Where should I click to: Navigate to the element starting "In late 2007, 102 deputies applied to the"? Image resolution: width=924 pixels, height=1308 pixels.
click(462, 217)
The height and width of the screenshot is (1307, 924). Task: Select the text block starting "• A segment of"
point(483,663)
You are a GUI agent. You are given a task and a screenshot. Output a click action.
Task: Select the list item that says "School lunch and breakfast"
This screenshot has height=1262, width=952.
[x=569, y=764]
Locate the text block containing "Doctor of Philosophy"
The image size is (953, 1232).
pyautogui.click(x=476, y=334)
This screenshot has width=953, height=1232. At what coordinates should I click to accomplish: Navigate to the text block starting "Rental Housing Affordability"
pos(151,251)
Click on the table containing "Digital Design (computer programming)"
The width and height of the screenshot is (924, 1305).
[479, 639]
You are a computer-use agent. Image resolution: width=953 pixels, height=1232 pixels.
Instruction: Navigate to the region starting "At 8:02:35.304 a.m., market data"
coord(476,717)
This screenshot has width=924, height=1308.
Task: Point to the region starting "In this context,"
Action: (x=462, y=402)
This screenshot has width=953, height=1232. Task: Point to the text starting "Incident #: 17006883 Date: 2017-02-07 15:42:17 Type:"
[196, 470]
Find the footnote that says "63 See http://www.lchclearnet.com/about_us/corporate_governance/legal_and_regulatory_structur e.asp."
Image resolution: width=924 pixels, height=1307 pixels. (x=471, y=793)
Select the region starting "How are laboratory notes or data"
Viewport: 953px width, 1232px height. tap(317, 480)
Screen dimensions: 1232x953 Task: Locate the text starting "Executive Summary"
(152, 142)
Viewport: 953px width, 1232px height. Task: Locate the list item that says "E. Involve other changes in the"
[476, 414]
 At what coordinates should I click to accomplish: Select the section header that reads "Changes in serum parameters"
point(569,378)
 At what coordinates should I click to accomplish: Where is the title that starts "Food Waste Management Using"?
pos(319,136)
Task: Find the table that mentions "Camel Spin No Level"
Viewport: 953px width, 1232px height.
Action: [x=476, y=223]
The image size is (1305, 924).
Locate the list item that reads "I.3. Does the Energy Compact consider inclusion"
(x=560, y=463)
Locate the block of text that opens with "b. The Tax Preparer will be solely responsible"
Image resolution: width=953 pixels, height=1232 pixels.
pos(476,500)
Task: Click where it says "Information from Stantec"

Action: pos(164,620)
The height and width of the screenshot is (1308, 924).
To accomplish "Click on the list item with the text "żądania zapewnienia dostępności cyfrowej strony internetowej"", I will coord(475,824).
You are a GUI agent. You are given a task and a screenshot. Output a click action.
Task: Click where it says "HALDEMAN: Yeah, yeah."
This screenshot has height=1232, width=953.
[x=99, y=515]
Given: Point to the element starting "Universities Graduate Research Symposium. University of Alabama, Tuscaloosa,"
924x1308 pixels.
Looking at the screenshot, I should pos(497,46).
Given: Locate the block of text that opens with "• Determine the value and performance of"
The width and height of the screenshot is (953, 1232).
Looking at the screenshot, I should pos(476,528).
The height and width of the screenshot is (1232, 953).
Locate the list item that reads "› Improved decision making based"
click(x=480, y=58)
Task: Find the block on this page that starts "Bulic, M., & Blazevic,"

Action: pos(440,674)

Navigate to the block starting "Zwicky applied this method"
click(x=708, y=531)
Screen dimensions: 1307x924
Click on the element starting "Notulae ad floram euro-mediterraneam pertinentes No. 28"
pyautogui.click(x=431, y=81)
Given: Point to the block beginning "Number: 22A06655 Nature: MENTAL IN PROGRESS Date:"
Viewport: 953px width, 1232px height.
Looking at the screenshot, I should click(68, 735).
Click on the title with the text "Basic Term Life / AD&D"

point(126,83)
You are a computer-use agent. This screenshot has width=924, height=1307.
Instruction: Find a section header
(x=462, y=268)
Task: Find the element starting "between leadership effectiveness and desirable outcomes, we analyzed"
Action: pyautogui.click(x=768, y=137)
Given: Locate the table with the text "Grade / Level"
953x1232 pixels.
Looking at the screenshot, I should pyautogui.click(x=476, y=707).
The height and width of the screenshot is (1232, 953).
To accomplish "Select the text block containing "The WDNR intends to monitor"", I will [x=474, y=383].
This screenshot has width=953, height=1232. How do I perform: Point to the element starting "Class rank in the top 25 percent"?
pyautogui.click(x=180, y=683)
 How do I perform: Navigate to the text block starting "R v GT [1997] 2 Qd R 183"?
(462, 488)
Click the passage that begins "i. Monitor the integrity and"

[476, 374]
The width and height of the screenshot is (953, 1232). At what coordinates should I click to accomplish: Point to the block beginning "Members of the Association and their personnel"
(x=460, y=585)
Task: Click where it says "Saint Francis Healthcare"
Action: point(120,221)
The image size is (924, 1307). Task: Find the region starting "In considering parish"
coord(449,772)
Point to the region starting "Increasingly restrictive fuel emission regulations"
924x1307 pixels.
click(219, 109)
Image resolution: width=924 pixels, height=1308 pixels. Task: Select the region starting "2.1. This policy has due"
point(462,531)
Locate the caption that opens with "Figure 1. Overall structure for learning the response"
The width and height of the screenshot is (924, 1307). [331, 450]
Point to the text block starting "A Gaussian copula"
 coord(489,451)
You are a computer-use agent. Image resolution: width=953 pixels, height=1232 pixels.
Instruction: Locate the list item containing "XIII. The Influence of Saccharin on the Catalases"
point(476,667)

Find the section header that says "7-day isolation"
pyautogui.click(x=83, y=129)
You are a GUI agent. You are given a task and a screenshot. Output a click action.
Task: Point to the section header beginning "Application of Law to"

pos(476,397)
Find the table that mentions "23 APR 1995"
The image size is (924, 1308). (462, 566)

##############################

> WORK ITEM:
Exactly as shown above, write out all the records.

> OUTPUT BELOW:
Where should I click to: Navigate to the element starting "In late 2007, 102 deputies applied to the"? Image resolution: width=924 pixels, height=1308 pixels.
click(462, 217)
The height and width of the screenshot is (1307, 924). Task: Select the text block starting "• A segment of"
point(483,663)
You are a GUI agent. You are given a task and a screenshot. Output a click action.
Task: Select the list item that says "School lunch and breakfast"
This screenshot has height=1262, width=952.
[x=569, y=764]
Locate the text block containing "Doctor of Philosophy"
The image size is (953, 1232).
pyautogui.click(x=476, y=334)
This screenshot has width=953, height=1232. At what coordinates should I click to accomplish: Navigate to the text block starting "Rental Housing Affordability"
pos(151,251)
Click on the table containing "Digital Design (computer programming)"
The width and height of the screenshot is (924, 1305).
[479, 639]
You are a computer-use agent. Image resolution: width=953 pixels, height=1232 pixels.
Instruction: Navigate to the region starting "At 8:02:35.304 a.m., market data"
coord(476,717)
This screenshot has width=924, height=1308.
Task: Point to the region starting "In this context,"
Action: (x=462, y=402)
This screenshot has width=953, height=1232. Task: Point to the text starting "Incident #: 17006883 Date: 2017-02-07 15:42:17 Type:"
[196, 470]
Find the footnote that says "63 See http://www.lchclearnet.com/about_us/corporate_governance/legal_and_regulatory_structur e.asp."
Image resolution: width=924 pixels, height=1307 pixels. (x=471, y=793)
Select the region starting "How are laboratory notes or data"
Viewport: 953px width, 1232px height. tap(317, 480)
Screen dimensions: 1232x953 Task: Locate the text starting "Executive Summary"
(152, 142)
Viewport: 953px width, 1232px height. Task: Locate the list item that says "E. Involve other changes in the"
[476, 414]
 At what coordinates should I click to accomplish: Select the section header that reads "Changes in serum parameters"
point(569,378)
 At what coordinates should I click to accomplish: Where is the title that starts "Food Waste Management Using"?
pos(319,136)
Task: Find the table that mentions "Camel Spin No Level"
Viewport: 953px width, 1232px height.
Action: [x=476, y=223]
The image size is (1305, 924).
Locate the list item that reads "I.3. Does the Energy Compact consider inclusion"
(x=560, y=463)
Locate the block of text that opens with "b. The Tax Preparer will be solely responsible"
Image resolution: width=953 pixels, height=1232 pixels.
pos(476,500)
Task: Click where it says "Information from Stantec"

Action: pos(164,620)
The height and width of the screenshot is (1308, 924).
To accomplish "Click on the list item with the text "żądania zapewnienia dostępności cyfrowej strony internetowej"", I will coord(475,824).
You are a GUI agent. You are given a task and a screenshot. Output a click action.
Task: Click where it says "HALDEMAN: Yeah, yeah."
This screenshot has height=1232, width=953.
[x=99, y=515]
Given: Point to the element starting "Universities Graduate Research Symposium. University of Alabama, Tuscaloosa,"
924x1308 pixels.
Looking at the screenshot, I should pos(497,46).
Given: Locate the block of text that opens with "• Determine the value and performance of"
The width and height of the screenshot is (953, 1232).
Looking at the screenshot, I should pos(476,528).
The height and width of the screenshot is (1232, 953).
Locate the list item that reads "› Improved decision making based"
click(x=480, y=58)
Task: Find the block on this page that starts "Bulic, M., & Blazevic,"

Action: pos(440,674)

Navigate to the block starting "Zwicky applied this method"
click(x=708, y=531)
Screen dimensions: 1307x924
Click on the element starting "Notulae ad floram euro-mediterraneam pertinentes No. 28"
pyautogui.click(x=431, y=81)
Given: Point to the block beginning "Number: 22A06655 Nature: MENTAL IN PROGRESS Date:"
Viewport: 953px width, 1232px height.
Looking at the screenshot, I should click(68, 735).
Click on the title with the text "Basic Term Life / AD&D"

point(126,83)
You are a computer-use agent. This screenshot has width=924, height=1307.
Instruction: Find a section header
(x=462, y=268)
Task: Find the element starting "between leadership effectiveness and desirable outcomes, we analyzed"
Action: pyautogui.click(x=768, y=137)
Given: Locate the table with the text "Grade / Level"
953x1232 pixels.
Looking at the screenshot, I should pyautogui.click(x=476, y=707).
The height and width of the screenshot is (1232, 953).
To accomplish "Select the text block containing "The WDNR intends to monitor"", I will [x=474, y=383].
This screenshot has width=953, height=1232. How do I perform: Point to the element starting "Class rank in the top 25 percent"?
pyautogui.click(x=180, y=683)
 How do I perform: Navigate to the text block starting "R v GT [1997] 2 Qd R 183"?
(462, 488)
Click the passage that begins "i. Monitor the integrity and"

[476, 374]
The width and height of the screenshot is (953, 1232). At what coordinates should I click to accomplish: Point to the block beginning "Members of the Association and their personnel"
(x=460, y=585)
Task: Click where it says "Saint Francis Healthcare"
Action: point(120,221)
The image size is (924, 1307). Task: Find the region starting "In considering parish"
coord(449,772)
Point to the region starting "Increasingly restrictive fuel emission regulations"
924x1307 pixels.
click(219, 109)
Image resolution: width=924 pixels, height=1308 pixels. Task: Select the region starting "2.1. This policy has due"
point(462,531)
Locate the caption that opens with "Figure 1. Overall structure for learning the response"
The width and height of the screenshot is (924, 1307). [331, 450]
Point to the text block starting "A Gaussian copula"
 coord(489,451)
You are a computer-use agent. Image resolution: width=953 pixels, height=1232 pixels.
Instruction: Locate the list item containing "XIII. The Influence of Saccharin on the Catalases"
point(476,667)

Find the section header that says "7-day isolation"
pyautogui.click(x=83, y=129)
You are a GUI agent. You are given a task and a screenshot. Output a click action.
Task: Point to the section header beginning "Application of Law to"

pos(476,397)
Find the table that mentions "23 APR 1995"
The image size is (924, 1308). (462, 566)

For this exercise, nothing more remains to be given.